The noble Earl below me spoke of the fishermen on the trawlers and the drifters, and the noble Earl opposite said, quite properly, that these men go out to almost certain death every time. What do they go out for? They go out to clear the fairways of the mines so that the vessels which their comrades are coming in, bringing food and raw material from over the waters, should have a clear way into the harbour. They run the risk of being destroyed by submarines outside, and then they run another risk of being destroyed by mines when they get into the fairway; and other men go out every day and every night sweeping for the mines. At one estuary in the North when certain ships were going out, the officer in command thought: "Well, I have had it swept at 8 o'clock to-night. I am going to take some ships out to-morrow. There is just a chance that a submarine may come. I will have it swept once more at 4 o'clock in the morning." Two sweepers were blown up doing that. These men are a part of the Mercantile Marine as it was known before the war. I believe that the country does not really know what the Mercantile Marine does. But the Royal Navy and the Army know; both Services are well aware of the extraordinary gallantry of these seamen—a gallantry that is traditional to the British Mercantile Marine and has never been surpassed in all our history.

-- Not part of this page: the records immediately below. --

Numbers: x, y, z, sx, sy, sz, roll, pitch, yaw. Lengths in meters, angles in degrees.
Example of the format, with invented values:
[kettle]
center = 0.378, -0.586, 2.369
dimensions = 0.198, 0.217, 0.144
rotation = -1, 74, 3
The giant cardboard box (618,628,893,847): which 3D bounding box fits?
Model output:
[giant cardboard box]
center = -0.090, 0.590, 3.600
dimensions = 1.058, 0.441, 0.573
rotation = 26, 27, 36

My noble friend seemed amazed when I said that our trade routes were unprotected. The trade routes were not protected. Had the trade routes been properly protected we should hardly ever have heard of the submarine. For years there were warnings that our trade routes were unprotected and that our food supplies were not secure. It remained for the beginning of the war to prove this to be correct. If we had had the requisite number of ships—small craft, cruisers, and destroyers—to protect the trade routes we would not have heard so much of the submarine. But when we went to war we had not enough of those vessels for the Fleet alone. If at this moment we had a thousand more destroyers we could employ them on our trade routes, which would then be made safer than they are now.

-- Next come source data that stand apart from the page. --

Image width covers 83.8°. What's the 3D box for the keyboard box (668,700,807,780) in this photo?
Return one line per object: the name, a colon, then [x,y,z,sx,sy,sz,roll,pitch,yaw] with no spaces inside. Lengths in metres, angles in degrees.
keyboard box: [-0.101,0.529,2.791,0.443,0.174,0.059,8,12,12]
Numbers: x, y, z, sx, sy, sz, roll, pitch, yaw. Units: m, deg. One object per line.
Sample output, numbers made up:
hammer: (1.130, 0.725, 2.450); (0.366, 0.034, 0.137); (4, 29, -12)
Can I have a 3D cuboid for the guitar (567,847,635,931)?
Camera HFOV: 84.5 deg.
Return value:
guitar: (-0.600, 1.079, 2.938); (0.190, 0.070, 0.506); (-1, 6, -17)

One word about the convoy which was lost the other day. There has been all sorts of nonsense talked about it. If we published the fact every time we brought a convoy home you would see what a small loss this one was. It is the first that has been put down since the war began. It was the best protected convoy we have ever had so far as an escort goes, because it had destroyers with it, whereas previously we have generally brought home convoys by armed tugs and armed merchant ships. So this was a very well-protected convoy if it had to be defended against attacks by submarines. But it was attacked by cruisers, and it is the first convoy that has been so attacked. Surely in these circumstances it is bad taste for the Press and other people to abuse the Admiralty and the Navy when a convoy is attacked for the first time by two raiders. Let me emphasise this, that our patrols have done splendid work. The Navy has done splendid work. If they had not we should have had, not two, but forty raiders out by this time. I mention this only because it is right that at the present moment some one who knows about these things should speak of them. The last thing I want to see is the Army, or the Navy, or any other Service ruled by the Press. We can manage our own forces very well if the politicians and the Press leave us alone.

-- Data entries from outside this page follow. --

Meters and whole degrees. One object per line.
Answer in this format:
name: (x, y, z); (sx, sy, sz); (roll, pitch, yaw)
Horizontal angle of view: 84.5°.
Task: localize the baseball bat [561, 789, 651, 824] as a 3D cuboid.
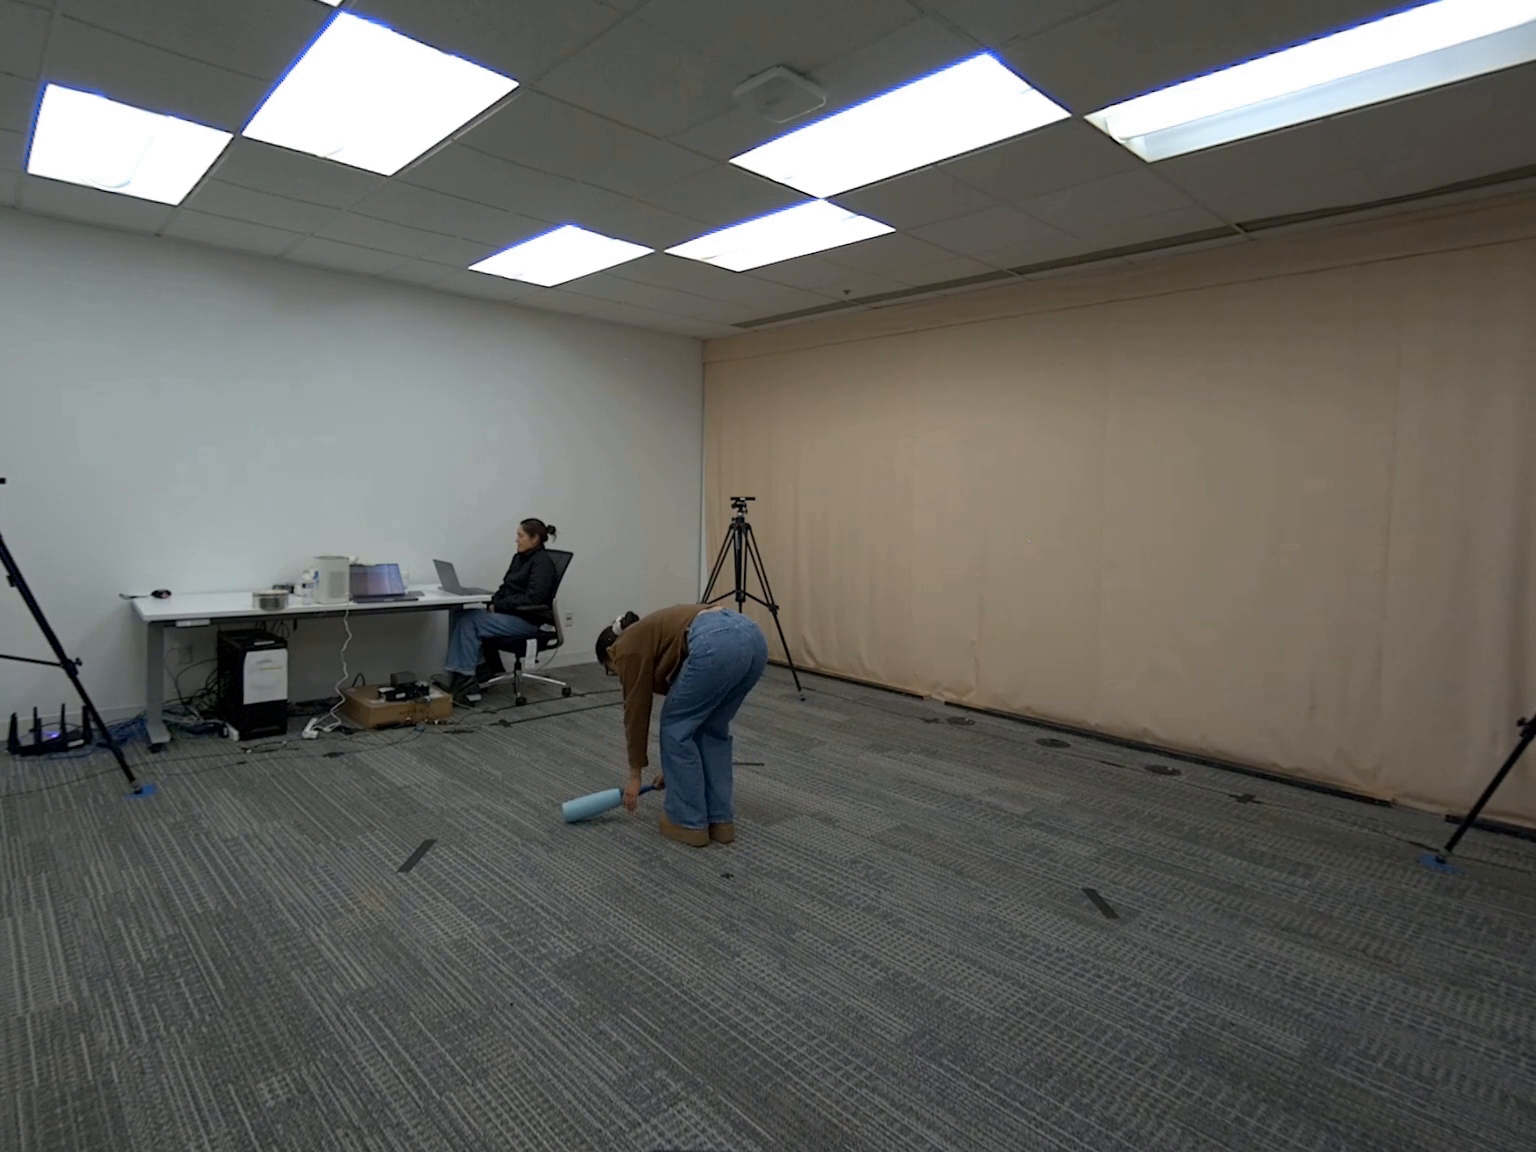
baseball bat: (-0.610, 0.932, 3.626); (0.539, 0.088, 0.090); (-12, 7, -11)

THE LORD CHANCELLOR then put the Motion.

On Question, the said Resolutions severally agreed to nemine dissentiente.

Ordered, That the LORD CHANCELLOR do communicate the said Resolutions to the Admiralty, the Army Council, the Secretary of State for India, the Secretary of State for the Colonies, and the Board of Trade, with a request that they will communicate the same to the officers and others referred to therein.